*GIVEN RECORDS*.

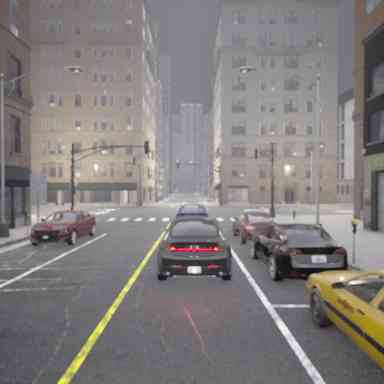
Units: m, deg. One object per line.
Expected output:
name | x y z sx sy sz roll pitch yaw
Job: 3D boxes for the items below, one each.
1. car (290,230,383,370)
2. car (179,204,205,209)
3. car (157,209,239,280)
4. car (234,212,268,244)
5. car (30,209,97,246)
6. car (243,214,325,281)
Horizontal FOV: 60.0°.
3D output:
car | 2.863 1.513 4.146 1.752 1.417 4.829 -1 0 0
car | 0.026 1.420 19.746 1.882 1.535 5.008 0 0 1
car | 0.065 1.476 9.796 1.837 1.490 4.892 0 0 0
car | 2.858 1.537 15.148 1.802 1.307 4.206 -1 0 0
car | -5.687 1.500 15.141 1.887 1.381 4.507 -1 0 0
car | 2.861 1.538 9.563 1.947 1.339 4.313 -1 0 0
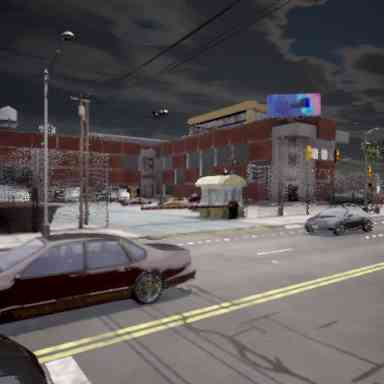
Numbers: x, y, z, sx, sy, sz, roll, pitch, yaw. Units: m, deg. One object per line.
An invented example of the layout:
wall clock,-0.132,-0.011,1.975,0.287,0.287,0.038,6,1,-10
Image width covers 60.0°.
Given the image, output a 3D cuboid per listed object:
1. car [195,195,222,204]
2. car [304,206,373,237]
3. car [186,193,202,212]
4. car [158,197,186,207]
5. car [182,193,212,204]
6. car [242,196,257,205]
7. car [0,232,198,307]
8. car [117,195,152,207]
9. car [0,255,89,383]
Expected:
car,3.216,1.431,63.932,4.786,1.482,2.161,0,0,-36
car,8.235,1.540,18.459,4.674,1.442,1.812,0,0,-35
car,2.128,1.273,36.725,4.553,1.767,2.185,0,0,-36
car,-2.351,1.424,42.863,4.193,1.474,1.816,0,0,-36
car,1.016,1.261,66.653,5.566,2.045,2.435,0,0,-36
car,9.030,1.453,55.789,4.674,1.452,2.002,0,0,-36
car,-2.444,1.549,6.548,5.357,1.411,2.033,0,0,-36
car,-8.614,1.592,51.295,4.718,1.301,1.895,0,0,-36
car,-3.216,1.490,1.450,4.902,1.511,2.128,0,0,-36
* * *
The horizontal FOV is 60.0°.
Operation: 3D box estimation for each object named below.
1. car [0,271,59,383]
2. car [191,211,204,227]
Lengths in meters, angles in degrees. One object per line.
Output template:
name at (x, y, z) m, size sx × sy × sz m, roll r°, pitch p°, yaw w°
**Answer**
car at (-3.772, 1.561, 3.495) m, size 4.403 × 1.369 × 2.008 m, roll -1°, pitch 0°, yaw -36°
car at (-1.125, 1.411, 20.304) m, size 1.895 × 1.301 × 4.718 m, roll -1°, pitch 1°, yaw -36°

*TASK TO CARRY OUT*.
Look through the material for "object". Copy each line that has it.

*SOLUTION*.
Units: m, deg. One object per line.
Numbers: x, y, z, sx, sy, sz, roll, pitch, yaw. Units: m, deg. One object per line.
Given the image, output a 3D cuboid per listed object:
Operation: 3D box estimation for each object named below.
Lengths in meters, angles in degrees. One object per line.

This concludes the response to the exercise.